Farming and fishing businesses do not have to sell their farm products or fishing catches to co-ops to be excluded from “specified corporate income”. Sales can be to any arm’s length purchaser corporation. This means that this income remains eligible for the small business deduction.
A statement in the budget expresses the intention “to develop new proposals to better accommodate intergenerational transfers of businesses while protecting the integrity and fairness of the tax system.” Current tax rules convert the capital gain that would otherwise arise on a sale of shares of a family business to a corporation controlled by other family members into a deemed dividend. The private company measures announced in July of 2017 as originally proposed would have made things worse. Those measures were subsequently withdrawn. The current issue remains and through the many months of consultation over the private company measures, the government undertook to look at this issue. This statement in the 2019 budget at least leaves this possibility open.
Compliance and enforcement measures:
To close what the government perceives as a tax loophole this budget proposes to prevent the use by mutual fund trusts of a method of allocating capital gains or income to their redeeming unitholders where the use of that method inappropriately defers tax or converts fully taxable ordinary income into capital gains taxed at a lower rate.

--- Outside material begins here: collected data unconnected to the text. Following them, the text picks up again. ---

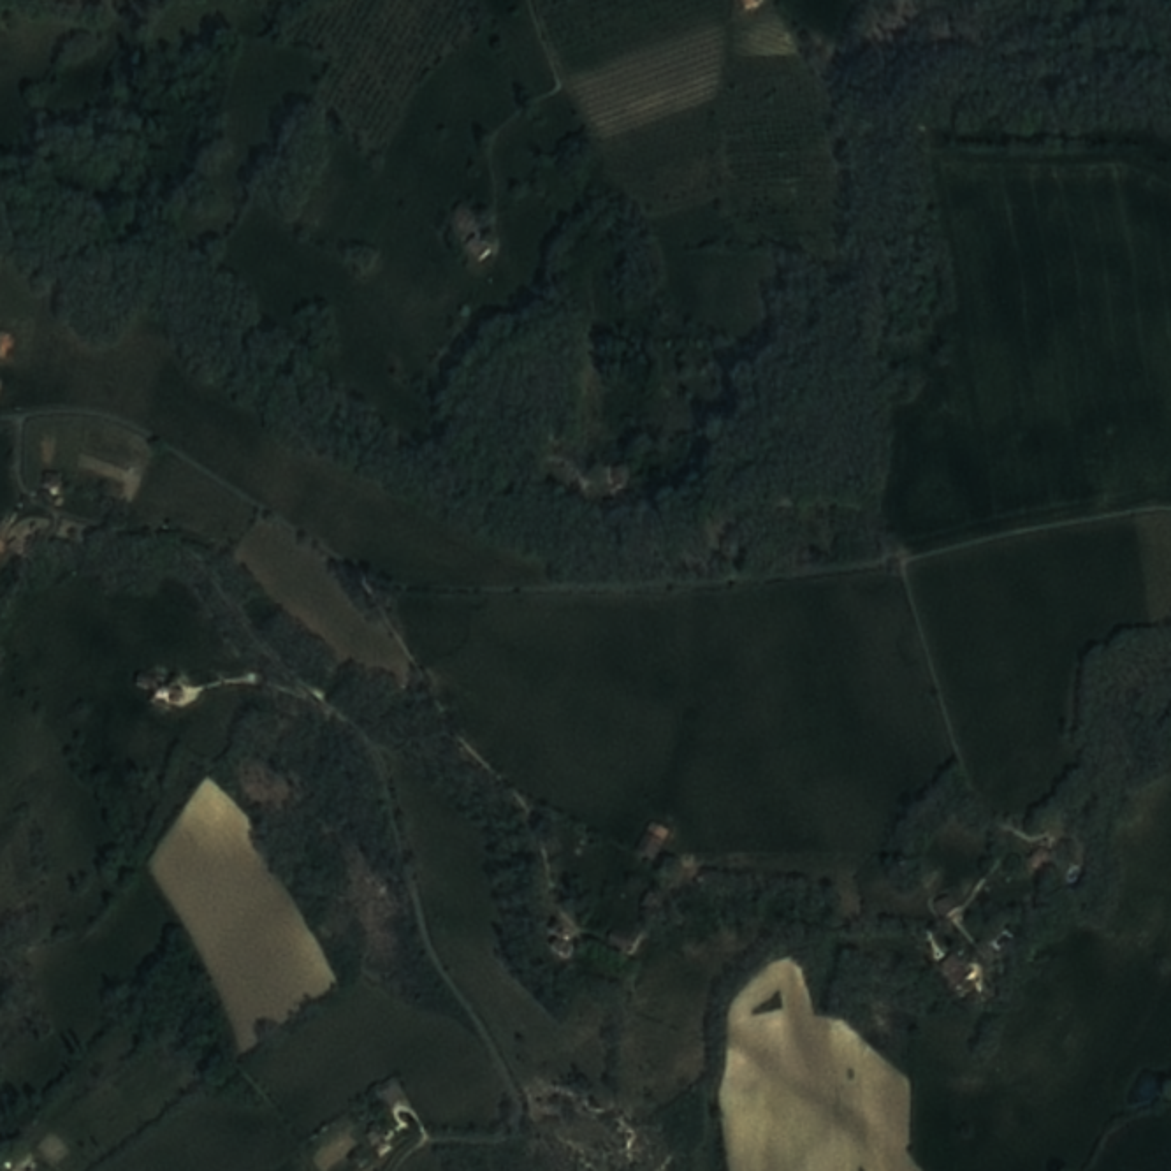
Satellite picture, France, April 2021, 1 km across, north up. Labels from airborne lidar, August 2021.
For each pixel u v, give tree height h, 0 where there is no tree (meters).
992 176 0
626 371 30
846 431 19
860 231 20
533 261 0
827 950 20
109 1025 9
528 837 18
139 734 0
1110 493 0
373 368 0
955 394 0
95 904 0
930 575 0
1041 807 10
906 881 16
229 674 0
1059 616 0
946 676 0
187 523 0
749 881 14
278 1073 0
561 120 0
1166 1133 0
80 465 0
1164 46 23
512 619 0
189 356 17
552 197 7
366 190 0
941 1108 0
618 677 0
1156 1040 0
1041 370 0
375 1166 0
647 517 27
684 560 17
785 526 9
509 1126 10
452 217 9
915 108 17
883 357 8
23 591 16
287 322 0
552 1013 16
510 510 24
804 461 16
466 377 22
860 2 7
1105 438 0
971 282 0
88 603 0
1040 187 0
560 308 21
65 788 0
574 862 0
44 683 0
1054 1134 0
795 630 0
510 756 0
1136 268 0
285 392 27
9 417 0
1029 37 13
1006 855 15
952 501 0
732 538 12
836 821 0
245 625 13
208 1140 0
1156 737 26
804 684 0
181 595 0
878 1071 0
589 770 0
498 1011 0
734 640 0
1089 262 0
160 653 0
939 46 8
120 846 11
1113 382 0
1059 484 0
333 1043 0
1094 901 23
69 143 24
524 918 10
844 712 0
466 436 28
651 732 0
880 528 12
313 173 21
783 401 21
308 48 9
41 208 21
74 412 0
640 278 20
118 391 0
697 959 0
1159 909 0
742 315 0
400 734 19
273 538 0
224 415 0
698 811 0
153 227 23
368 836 10
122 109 17
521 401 23
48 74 6
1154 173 0
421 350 0
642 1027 0
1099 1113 0
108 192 6
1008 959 17
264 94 0
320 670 17
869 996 21
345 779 12
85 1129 0
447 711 6
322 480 0
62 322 12
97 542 18
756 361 21
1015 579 0
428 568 0
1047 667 0
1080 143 13
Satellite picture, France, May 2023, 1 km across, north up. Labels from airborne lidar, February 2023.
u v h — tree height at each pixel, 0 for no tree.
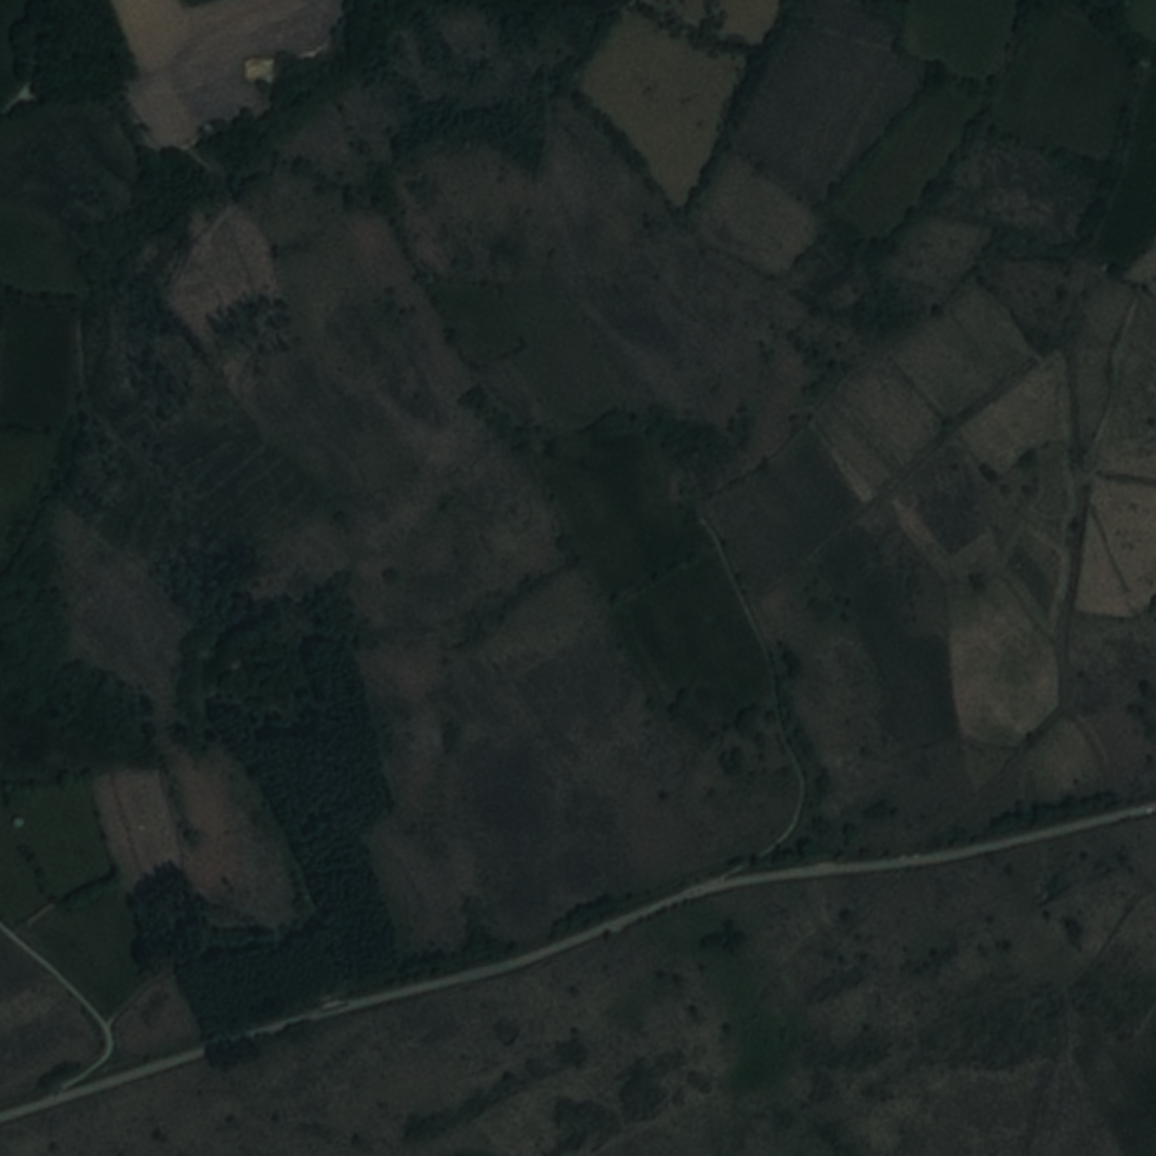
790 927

The budget reiterated the intention to proceed with information reporting requirements for certain dispositions of an interest in a life insurance policy. In 2016, changes were made to subsection 148(7) which deals with non-arm’s length transfers, transfers for no consideration and distributions from a corporation of a life insurance policy. No further details were provided in the budget, but it is assumed that the information relevant to the transfer of the policy would be collected: the adjusted cost basis; cash surrender value and fair market value of consideration given in relation to the transfer.
Recent amendments to the Canada Business Corporations Act require federally regulated corporations to maintain beneficial ownership information. The budget proposes amendments to make this information more readily available to the Canada Revenue Agency (CRA). As announced in the 2018 budget, beneficial ownership information reporting is also coming for trusts for 2021 and later taxation years.
A Tax-Free Savings Account (TFSA) that carries on a business is liable to pay tax at the top personal rate. The budget proposes that joint and several liability for tax owing on income from carrying on a business within a TFSA be extended to the TFSA holder and the joint and several liability of the TFSA trustee, (normally, a financial institution) be more limited in respect of this.
Expect more CRA audits looking into residential real estate sales. The budget announces more funding for CRA audit teams focusing in this sector. Also, on the radar is non-compliance associated with crypto-currency transactions and the digital economy; income in Canada of non-residents and offshore non-compliance. Again, more funding for audit teams and programs are provided in these areas.
This is clearly a pre-election budget. Nothing too controversial. No incentives to small businesses, professionals or high-income earners, just closing loopholes for them. The key touch points involved options in retirement, enabling home ownership and supporting re-skilling.
A budget “for the people”???
The commentary in this publication is for general information only and should not be considered legal, tax or other professional advice to any party. Individuals should seek the advice of professionals to ensure that any action taken with respect to this information is appropriate to their specific situation.